Question

Two billiard balls of identical mass move toward each other. Assume that the collision between them is perfectly elastic. If the initial velocities of the balls are + 30.0 cm/s and -20.0 cm/s, what is the velocity of each ball after the collision? Assume friction and Rotation are unimportant.

Answer 1

As yo may know, in a perfectly elastic collision the kinetic energy remains constant; we have that:

K1 = (1/2)M*v1^2 = M*(30^2)/2

K2 = M*(-20^2)/2

Kt = k1 + k2 = M*650

Where M is the mass of the balls:

After the collision, (I denote the new quantities with an ' symbol) we must have the same energy:

K1' = (1/2)M(v1'^2 + v2'^2) = M650

v1'^2 + v2'^2 = 1300

And we also know that the total moment must be conserved:

M*30 - M*20 = M*10 = M( v1' + v2')

10 = v1' + v2'

Now we have two equations:

10 = v1' + v2'

v1'^2 + v2'^2 = 1300

We can writhe the first equation as:

10 - v1' = v2'

and replace it in the second equation:

v1'^2 + (10 - v1')^2 = 1300

and solve it for v1:

v1'^2 + 100 + v1^2 -20v1' - 1200 = 0

2*v1'^2 - 20v1' -1200 = 0

now we must solve this for v1 with the quadratic formula:

`v1' = (20 +/-√(20*20 - 4*2*-1400) )/(2*2)  = 5 +/- 25`

So we have two solutions:

v1' = (5 + 25)cm/s = 30cm/s

v1' = (5 - 20)cm/s = -20cm/s

and you can find that is the same case for v2' (interchanged, when v1' = 30cm/s we have that v2' = -20cm/s, and viseverce)

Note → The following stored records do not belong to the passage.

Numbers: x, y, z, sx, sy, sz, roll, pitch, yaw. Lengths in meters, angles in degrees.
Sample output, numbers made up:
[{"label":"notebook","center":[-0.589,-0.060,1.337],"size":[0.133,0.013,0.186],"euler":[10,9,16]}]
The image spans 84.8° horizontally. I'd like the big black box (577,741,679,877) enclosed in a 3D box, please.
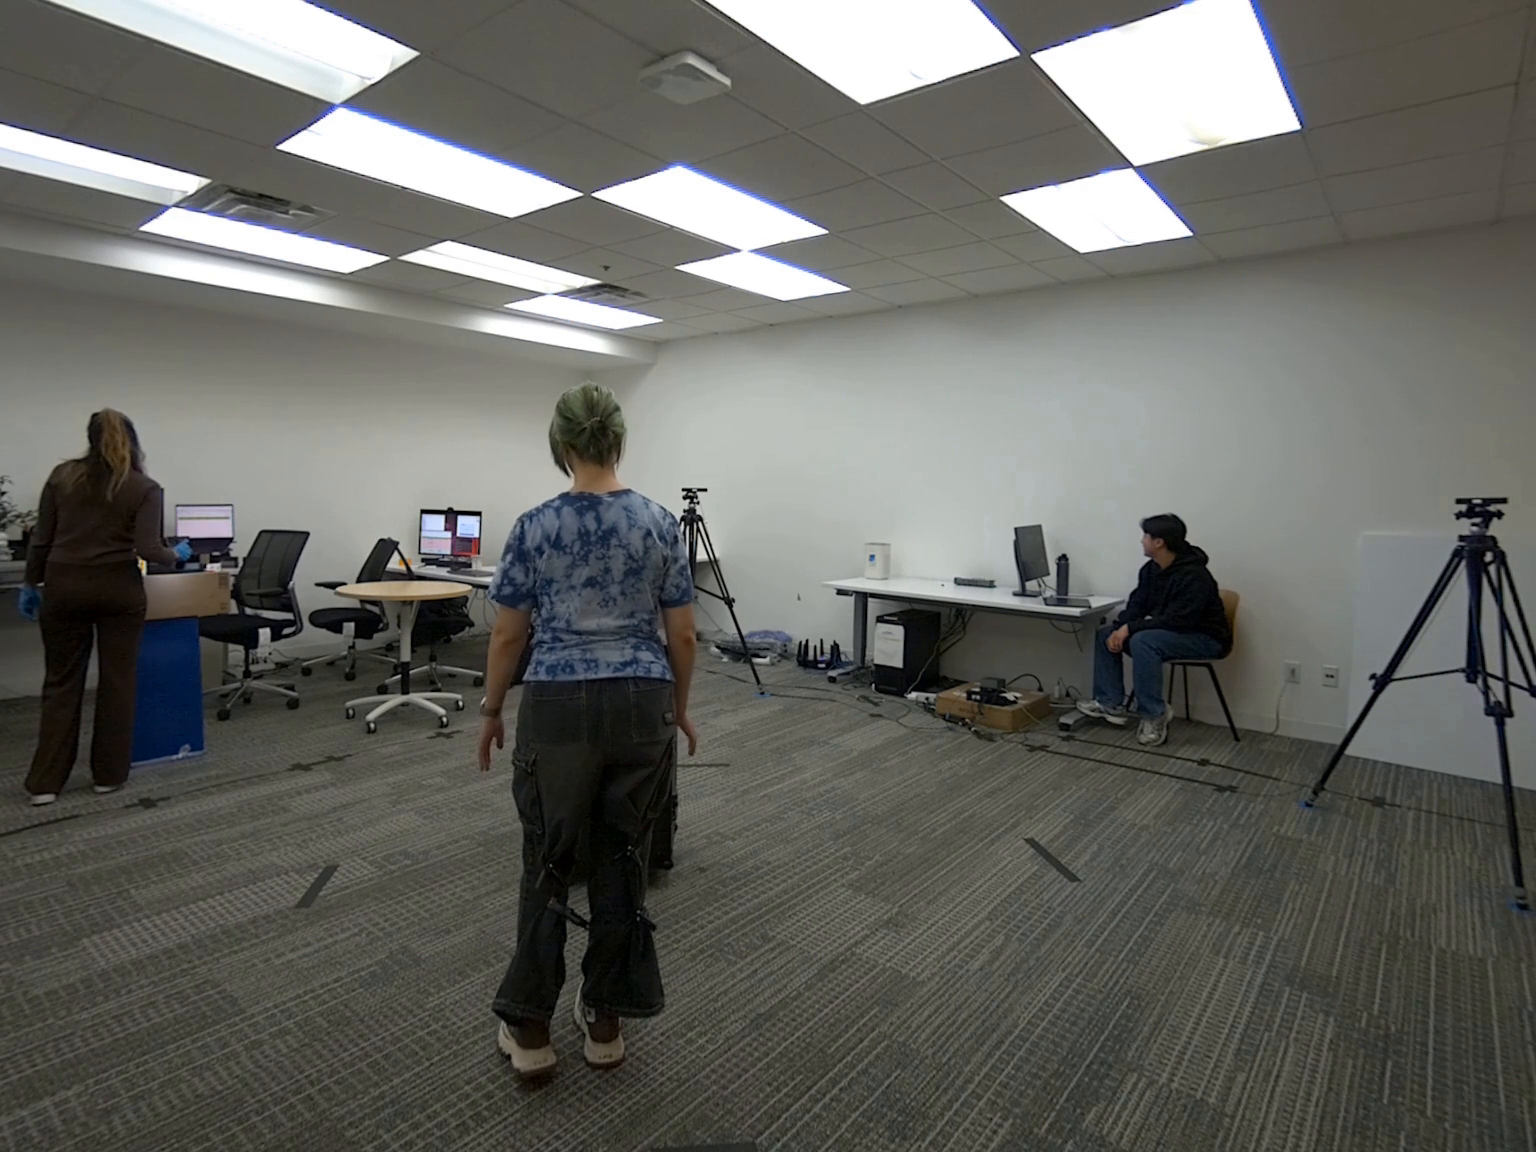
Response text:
[{"label":"big black box","center":[-0.592,0.637,3.110],"size":[0.522,0.860,0.397],"euler":[1,2,0]}]

Now, after the impact, the first ball must change the direction of movement (It cant keep moving forward because there is the other ball in the path) so the velocities of the balls must be interchanged, this mens that v1' = -20cm/s and v2'= 30cm/s

Answer 2

-20.0 m/s and 30.0 m/s

Step-by-step explanation:

Momentum is conserved:

m (30.0) + m (-20.0) = m v₁ + m v₂

30.0 − 20.0 = v₁ + v₂

10.0 = v₁ + v₂

Since the collision is perfectly elastic, energy is also conserved. Since there's no rotational energy or work done by friction, the initial kinetic energy equals the final kinetic energy.

½ m (30.0)² + ½ m (-20.0)² = ½ mv₁² + ½ mv₂²

(30.0)² + (-20.0)² = v₁² + v₂²

1300 = v₁² + v₂²

We now have two equations and two variables. Solve the system of equations using substitution:

1300 = v₁² + (10 − v₁)²

1300 = v₁² + 100 − 20v₁ + v₁²

0 = 2v₁² − 20v₁ − 1200

0 = v₁² − 10v₁ − 600

0 = (v₁ + 20) (v₁ − 30)

v₁ = -20, 30

If v₁ = -20, v₂ = 30.

If v₁ = 30, v₂ = -20.

So either way, the final velocities are -20.0 m/s and 30.0 m/s.